#### REQUIREMENT:
Stopping at the line that holds "12. ink cartridge box at [417, 385, 512, 532]", repeat the lines below exactly, starting from the very first and including that final line.

#### RECORDS SHOWN:
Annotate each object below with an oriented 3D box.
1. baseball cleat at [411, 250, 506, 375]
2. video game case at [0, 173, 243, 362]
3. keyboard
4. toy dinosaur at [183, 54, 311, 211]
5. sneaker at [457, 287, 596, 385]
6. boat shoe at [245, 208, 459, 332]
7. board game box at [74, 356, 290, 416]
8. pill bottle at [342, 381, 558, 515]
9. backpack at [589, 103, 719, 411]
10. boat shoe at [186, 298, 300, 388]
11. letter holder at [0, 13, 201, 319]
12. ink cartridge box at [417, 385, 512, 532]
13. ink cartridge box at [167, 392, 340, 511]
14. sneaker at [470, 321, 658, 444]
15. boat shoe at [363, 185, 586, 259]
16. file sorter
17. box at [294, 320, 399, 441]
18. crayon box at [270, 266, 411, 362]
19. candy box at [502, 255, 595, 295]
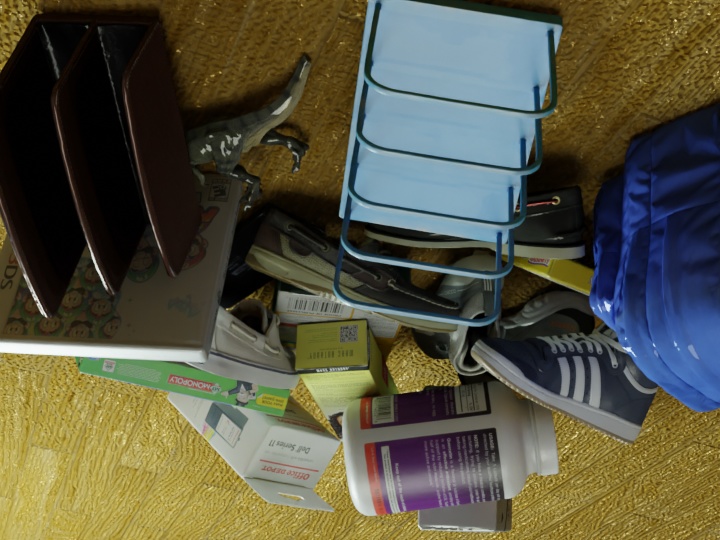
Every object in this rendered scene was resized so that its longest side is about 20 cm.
[{"bbox_3d":[0.090,0.063,1.139,0.069,0.107,0.200,4,151,-6],"label":"baseball cleat"},{"bbox_3d":[-0.211,-0.009,1.006,0.198,0.183,0.024,2,145,7],"label":"video game case"},{"bbox_3d":[-0.134,-0.017,1.137,0.126,0.021,0.200,20,146,-30],"label":"keyboard"},{"bbox_3d":[-0.095,-0.102,0.968,0.199,0.048,0.088,-21,133,33],"label":"toy dinosaur"},{"bbox_3d":[0.161,0.086,1.192,0.073,0.080,0.200,19,149,-25],"label":"sneaker"},{"bbox_3d":[-0.001,0.000,1.048,0.199,0.067,0.072,19,-178,-2],"label":"boat shoe"},{"bbox_3d":[-0.180,0.093,1.155,0.198,0.029,0.134,15,-175,-19],"label":"board game box"},{"bbox_3d":[0.086,0.169,1.134,0.198,0.113,0.113,-7,148,5],"label":"pill bottle"},{"bbox_3d":[0.270,0.008,0.924,0.162,0.202,0.167,27,144,-32],"label":"backpack"},{"bbox_3d":[-0.101,0.063,1.092,0.070,0.070,0.200,22,179,26],"label":"boat shoe"},{"bbox_3d":[-0.200,-0.070,0.897,0.099,0.143,0.201,4,134,10],"label":"letter holder"},{"bbox_3d":[0.119,0.210,1.285,0.083,0.147,0.200,0,168,12],"label":"ink cartridge box"},{"bbox_3d":[-0.104,0.170,1.262,0.117,0.068,0.200,22,-168,-48],"label":"ink cartridge box"},{"bbox_3d":[0.197,0.074,1.068,0.199,0.109,0.070,26,-173,-27],"label":"sneaker"},{"bbox_3d":[0.095,-0.048,1.007,0.200,0.064,0.074,3,-168,29],"label":"boat shoe"},{"bbox_3d":[0.058,-0.076,0.849,0.137,0.123,0.201,8,131,-1],"label":"file sorter"},{"bbox_3d":[-0.007,0.116,1.198,0.074,0.051,0.200,-5,150,12],"label":"box"},{"bbox_3d":[-0.028,0.050,1.182,0.124,0.052,0.200,6,151,-7],"label":"crayon box"},{"bbox_3d":[0.230,0.019,1.069,0.199,0.027,0.102,20,-179,-22],"label":"candy box"}]
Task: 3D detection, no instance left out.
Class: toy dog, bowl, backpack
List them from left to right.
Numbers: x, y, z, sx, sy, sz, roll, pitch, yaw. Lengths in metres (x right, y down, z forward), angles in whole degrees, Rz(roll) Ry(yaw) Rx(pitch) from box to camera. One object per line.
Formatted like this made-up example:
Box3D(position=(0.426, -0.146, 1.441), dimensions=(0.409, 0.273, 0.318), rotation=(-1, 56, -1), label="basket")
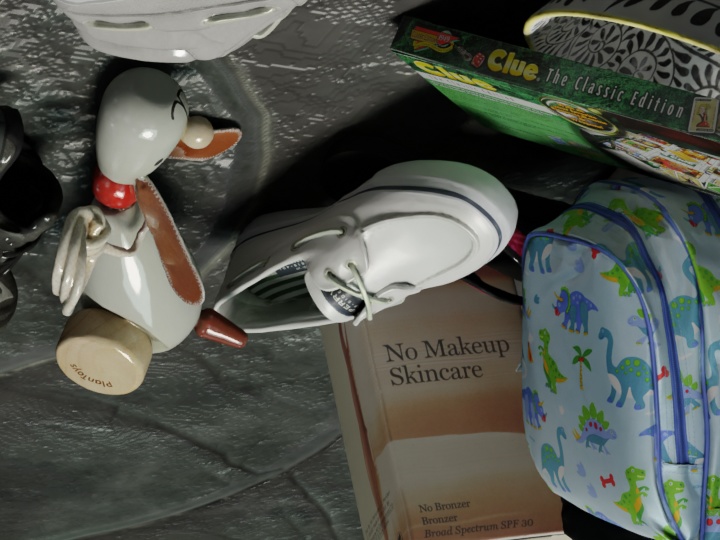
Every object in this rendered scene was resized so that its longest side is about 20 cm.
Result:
Box3D(position=(-0.095, -0.011, 1.161), dimensions=(0.095, 0.133, 0.200), rotation=(14, 161, -2), label="toy dog")
Box3D(position=(0.152, 0.051, 1.153), dimensions=(0.153, 0.202, 0.163), rotation=(8, -172, -25), label="backpack")
Box3D(position=(0.184, -0.111, 1.056), dimensions=(0.199, 0.095, 0.201), rotation=(26, 174, 3), label="bowl")

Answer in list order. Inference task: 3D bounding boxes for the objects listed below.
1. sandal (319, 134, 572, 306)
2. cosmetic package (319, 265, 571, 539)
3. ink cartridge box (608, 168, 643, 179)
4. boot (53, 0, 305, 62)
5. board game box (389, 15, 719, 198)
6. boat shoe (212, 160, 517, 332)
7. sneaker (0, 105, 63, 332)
Box3D(position=(0.069, -0.013, 1.222), dimensions=(0.198, 0.045, 0.075), rotation=(20, 145, -13), label="sandal")
Box3D(position=(0.044, 0.075, 1.289), dimensions=(0.102, 0.202, 0.087), rotation=(-6, 154, -17), label="cosmetic package")
Box3D(position=(0.203, -0.032, 1.235), dimensions=(0.066, 0.117, 0.200), rotation=(-3, 153, -26), label="ink cartridge box")
Box3D(position=(-0.039, -0.140, 0.980), dimensions=(0.198, 0.074, 0.096), rotation=(-6, 161, 7), label="boot")
Box3D(position=(0.118, -0.072, 1.089), dimensions=(0.199, 0.024, 0.105), rotation=(20, 174, 34), label="board game box")
Box3D(position=(0.000, 0.000, 1.198), dimensions=(0.074, 0.067, 0.199), rotation=(44, 144, -23), label="boat shoe")
Box3D(position=(-0.188, -0.018, 1.141), dimensions=(0.083, 0.077, 0.200), rotation=(-5, 155, -5), label="sneaker")

#### ANSWER BOX:
Annotate each object below with an oriented 3D box.
1. baseball cleat at [411, 250, 506, 375]
2. video game case at [0, 173, 243, 362]
3. keyboard
4. toy dinosaur at [183, 54, 311, 211]
5. sneaker at [457, 287, 596, 385]
6. boat shoe at [245, 208, 459, 332]
7. board game box at [74, 356, 290, 416]
8. pill bottle at [342, 381, 558, 515]
9. backpack at [589, 103, 719, 411]
10. boat shoe at [186, 298, 300, 388]
11. letter holder at [0, 13, 201, 319]
12. ink cartridge box at [417, 385, 512, 532]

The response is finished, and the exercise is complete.